▶ What to work on: Search term "logout": please copy every line of the records below that contains it.

□ □ □

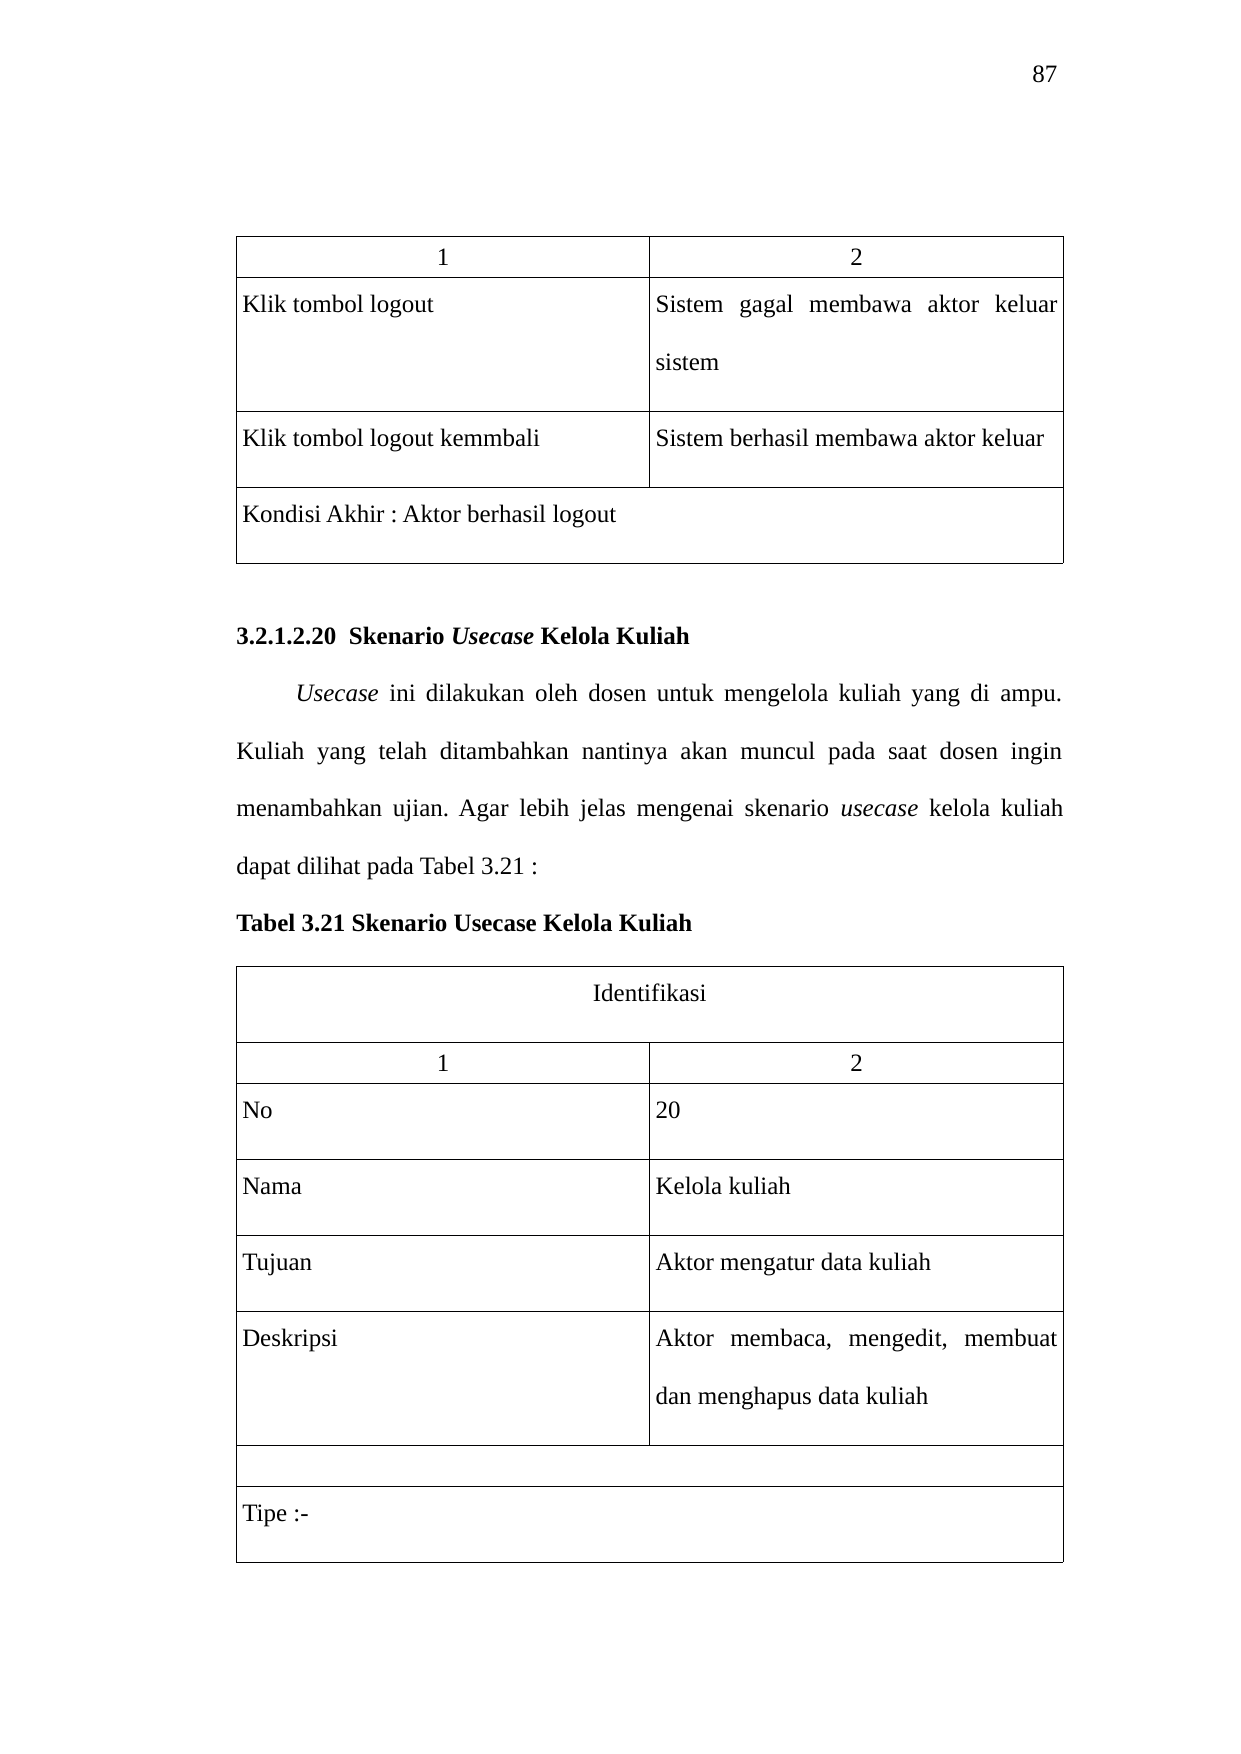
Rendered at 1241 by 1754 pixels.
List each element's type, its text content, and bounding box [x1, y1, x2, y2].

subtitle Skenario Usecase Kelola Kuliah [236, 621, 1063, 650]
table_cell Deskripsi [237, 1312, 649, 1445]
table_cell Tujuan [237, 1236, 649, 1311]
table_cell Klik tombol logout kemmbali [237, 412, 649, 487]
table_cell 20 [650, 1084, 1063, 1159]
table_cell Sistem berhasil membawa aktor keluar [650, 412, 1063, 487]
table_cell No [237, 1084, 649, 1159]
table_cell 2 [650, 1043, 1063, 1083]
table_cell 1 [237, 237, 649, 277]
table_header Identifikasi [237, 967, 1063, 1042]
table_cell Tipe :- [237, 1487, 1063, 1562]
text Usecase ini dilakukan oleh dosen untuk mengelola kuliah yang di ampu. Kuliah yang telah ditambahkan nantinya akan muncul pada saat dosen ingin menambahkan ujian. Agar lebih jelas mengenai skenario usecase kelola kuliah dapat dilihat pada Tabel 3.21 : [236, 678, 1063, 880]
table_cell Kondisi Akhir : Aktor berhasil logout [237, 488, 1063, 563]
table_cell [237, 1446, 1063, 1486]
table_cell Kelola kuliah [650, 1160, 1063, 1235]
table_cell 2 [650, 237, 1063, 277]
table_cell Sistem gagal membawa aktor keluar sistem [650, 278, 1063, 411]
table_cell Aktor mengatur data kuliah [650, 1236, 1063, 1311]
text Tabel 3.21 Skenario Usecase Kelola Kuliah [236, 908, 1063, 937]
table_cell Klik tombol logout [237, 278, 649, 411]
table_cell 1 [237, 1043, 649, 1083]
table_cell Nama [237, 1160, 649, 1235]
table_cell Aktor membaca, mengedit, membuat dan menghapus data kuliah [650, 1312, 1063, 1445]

□ □ □

▶ Result:
table_cell Klik tombol logout kemmbali [237, 412, 649, 487]
table_cell Kondisi Akhir : Aktor berhasil logout [237, 488, 1063, 563]
table_cell Klik tombol logout [237, 278, 649, 411]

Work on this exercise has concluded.